We apologize for the impact to affected customers. We are continuously taking steps to improve the uniFLOW Online Platform and our processes to help ensure such incidents do not occur in the future. In this case, this includes (but is not limited to):

  • Make available the uniFLOW SmartClient so tenant admins can package and redeploy to all users. This is planned for 2022.3, release is scheduled to take place in September.
  • We are further optimizing our product to reduce unnecessary resource utilization and network usage which will also be available with 2022.3.
  • Additional metrics, monitoring and alerting has been implemented. This is key to managing the growth as the AU deployment grows and we are rolling out the updated uniFLOW SmartClient.

Customer Actions

To resolve these issues completely it is important that the uniFLOW SmartClient is updated post the 2022.3 release scheduled for September. We will communicate this via the uniFLOW Online Status Page and via the Admin Notification Widget along with instructions.

Posted Jul 13, 2022 - 17:08 UTC

Resolved
Hello Everyone,

After an exhaustive investigation and superb support from the Microsoft engineering team we have identified the root cause and put mitigation controls in place. At this time, we are not seeing any issues reported or through our telemetry.

There will be a detailed Post-mortem published shortly. In the meantime, we can share that the root cause was down to a specific environmental configuration and the mishandling of the SmartClient. If companies have a situation where they are switching or sitting behind multiple proxies the SmartClient will create multiple connections and exhaust resources faster than expected.

We are working on updates to the SmartClient to handle this condition in our 2022.3 September release. Further details will be in the Post-mortem and what actions are required to ensure you are on the latest version.

Thanks for your patience during this investigation.

Kind Regards

uniFLOW Online Operations Team.
Posted Jul 12, 2022 - 11:30 UTC
Update
Hello Everyone,

We are seeing great results with the mitigation controls currently in place.

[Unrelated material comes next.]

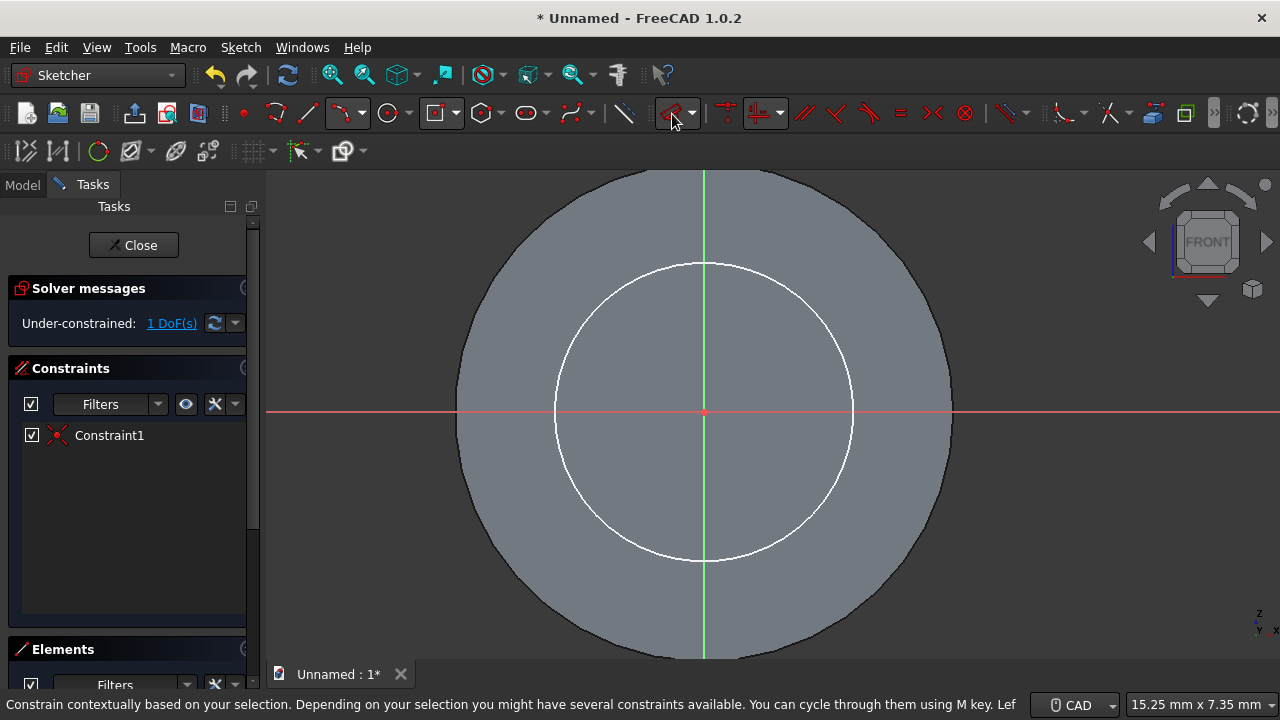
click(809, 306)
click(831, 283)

We will continues to monitor throughout this week and provide further updated shortly.

Kind Regards
uniFLOW Online Operations Team.
Posted Jul 07, 2022 - 08:03 UTC
Monitoring
Dear all,
together with Microsoft, we have made some headway today and steps have been undertaken to mitigate the issue. We are moving this incident into a 'monitoring' state and will continue to work with Microsoft to implement a permanent solution.
Posted Jun 30, 2022 - 20:40 UTC
Update
We are continuing our investigation with Microsoft. At this point, all available logs and telemetry data point to an issue specific to the Australian (AU) Deployment (Infrastructure/Datacenter). We do not expect this issue to appear in other regions but remain vigilant.
Posted Jun 30, 2022 - 11:02 UTC
Update
Investigation with Microsoft is continuing but SmartClients are already reconnecting.
We will keep you updated about the ongoing investigation and further details.
Posted Jun 29, 2022 - 09:32 UTC
Update
Hello Everyone,

We still have this issues under investigation and working to identify the cause.

Regards
uniFLOW Online Operations Team
Posted Jun 29, 2022 - 06:21 UTC
Update
We are continuing to investigate this issue.
Posted Jun 29, 2022 - 02:33 UTC
Investigating
Hello Everyone,

Our monitoring and telemetry is indicating that SmartClients are disconnecting from our uniFLOW Online Cloud Service. This issues was initially experienced earlier in the week but resolved through improvements to resource scaling. We are currently experiencing a similar issue but not down to any resource limits.

Our operations team are working with Microsoft engineers to check the underlying Azure service infrastructure.

Important: Printing will continue to work. In the event of the SmartClient disconnecting from the cloud service it will switch to 'Emergency Mode' automatically. With this you can select a nearby printer to release your print jobs.

Please note: You can change your email notification subscription to only receive notifications affecting deployments you’d like to watch. To do this, click ‘Manage your subscription’ in the email footer of the status page email notification.

Kind Regards
uniFLOW Online Operations Team
Posted Jun 29, 2022 - 02:27 UTC
This incident affected: AU Deployment (Printing).